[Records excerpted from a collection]
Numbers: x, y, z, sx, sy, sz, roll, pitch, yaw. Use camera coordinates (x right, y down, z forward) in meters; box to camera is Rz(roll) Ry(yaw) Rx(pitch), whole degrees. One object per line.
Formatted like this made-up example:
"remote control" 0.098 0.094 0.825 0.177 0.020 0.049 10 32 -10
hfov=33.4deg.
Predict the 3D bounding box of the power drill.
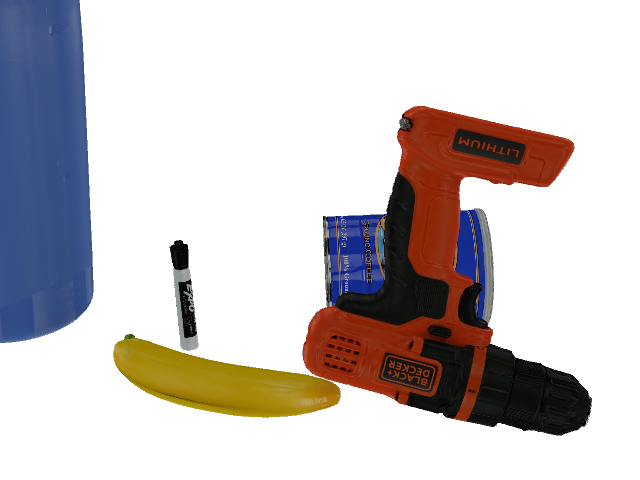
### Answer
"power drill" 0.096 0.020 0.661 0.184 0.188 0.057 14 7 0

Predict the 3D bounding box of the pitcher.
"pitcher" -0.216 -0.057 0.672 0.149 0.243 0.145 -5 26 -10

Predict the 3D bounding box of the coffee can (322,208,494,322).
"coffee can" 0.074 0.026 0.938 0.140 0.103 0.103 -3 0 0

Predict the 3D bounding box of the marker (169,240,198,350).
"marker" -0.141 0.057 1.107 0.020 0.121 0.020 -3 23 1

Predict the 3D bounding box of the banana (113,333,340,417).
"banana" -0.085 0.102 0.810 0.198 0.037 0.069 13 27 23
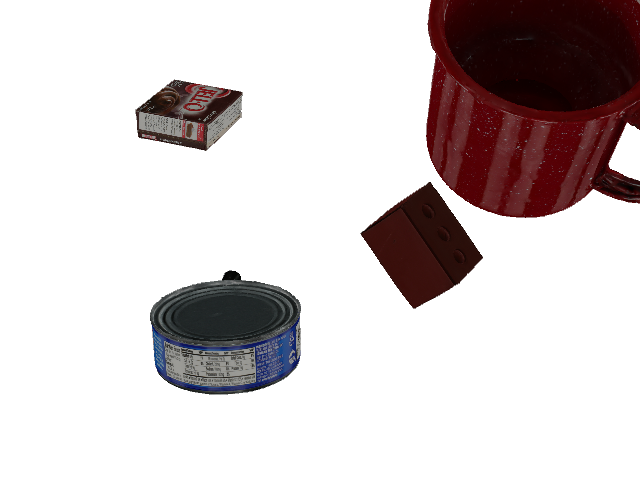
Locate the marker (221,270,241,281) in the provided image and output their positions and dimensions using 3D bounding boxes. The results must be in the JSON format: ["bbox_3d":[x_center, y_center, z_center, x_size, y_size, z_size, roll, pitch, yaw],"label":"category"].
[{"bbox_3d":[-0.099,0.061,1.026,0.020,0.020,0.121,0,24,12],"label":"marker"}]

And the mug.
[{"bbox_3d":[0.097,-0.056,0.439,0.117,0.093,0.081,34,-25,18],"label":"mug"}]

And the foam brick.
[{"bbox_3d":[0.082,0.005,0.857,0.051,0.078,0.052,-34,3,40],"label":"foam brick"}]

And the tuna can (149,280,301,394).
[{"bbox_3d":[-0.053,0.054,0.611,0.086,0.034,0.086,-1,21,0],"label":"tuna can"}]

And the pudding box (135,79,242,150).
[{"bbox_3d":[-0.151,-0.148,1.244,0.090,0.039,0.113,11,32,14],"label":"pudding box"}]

Aim of the task:
Restate the entries verbatim, without pictures.

Expected answer:
Numbers: x, y, z, sx, sy, sz, roll, pitch, yaw. Use camera coordinates (x right, y down, z forward) in meters; box to camera is Rz(roll) Ry(yaw) Rx(pitch), whole degrees. One object per line.
Formatted like this made-up example:
"remote control" 0.098 0.094 0.825 0.177 0.020 0.049 10 32 -10
hfov=33.4deg.
Predict the 3D bounding box of the power drill.
### Answer
"power drill" 0.096 0.020 0.661 0.184 0.188 0.057 14 7 0

Predict the 3D bounding box of the pitcher.
"pitcher" -0.216 -0.057 0.672 0.149 0.243 0.145 -5 26 -10

Predict the 3D bounding box of the coffee can (322,208,494,322).
"coffee can" 0.074 0.026 0.938 0.140 0.103 0.103 -3 0 0

Predict the 3D bounding box of the marker (169,240,198,350).
"marker" -0.141 0.057 1.107 0.020 0.121 0.020 -3 23 1

Predict the 3D bounding box of the banana (113,333,340,417).
"banana" -0.085 0.102 0.810 0.198 0.037 0.069 13 27 23
Locate the marker (221,270,241,281) in the provided image and output their positions and dimensions using 3D bounding boxes. The results must be in the JSON format: ["bbox_3d":[x_center, y_center, z_center, x_size, y_size, z_size, roll, pitch, yaw],"label":"category"].
[{"bbox_3d":[-0.099,0.061,1.026,0.020,0.020,0.121,0,24,12],"label":"marker"}]

And the mug.
[{"bbox_3d":[0.097,-0.056,0.439,0.117,0.093,0.081,34,-25,18],"label":"mug"}]

And the foam brick.
[{"bbox_3d":[0.082,0.005,0.857,0.051,0.078,0.052,-34,3,40],"label":"foam brick"}]

And the tuna can (149,280,301,394).
[{"bbox_3d":[-0.053,0.054,0.611,0.086,0.034,0.086,-1,21,0],"label":"tuna can"}]

And the pudding box (135,79,242,150).
[{"bbox_3d":[-0.151,-0.148,1.244,0.090,0.039,0.113,11,32,14],"label":"pudding box"}]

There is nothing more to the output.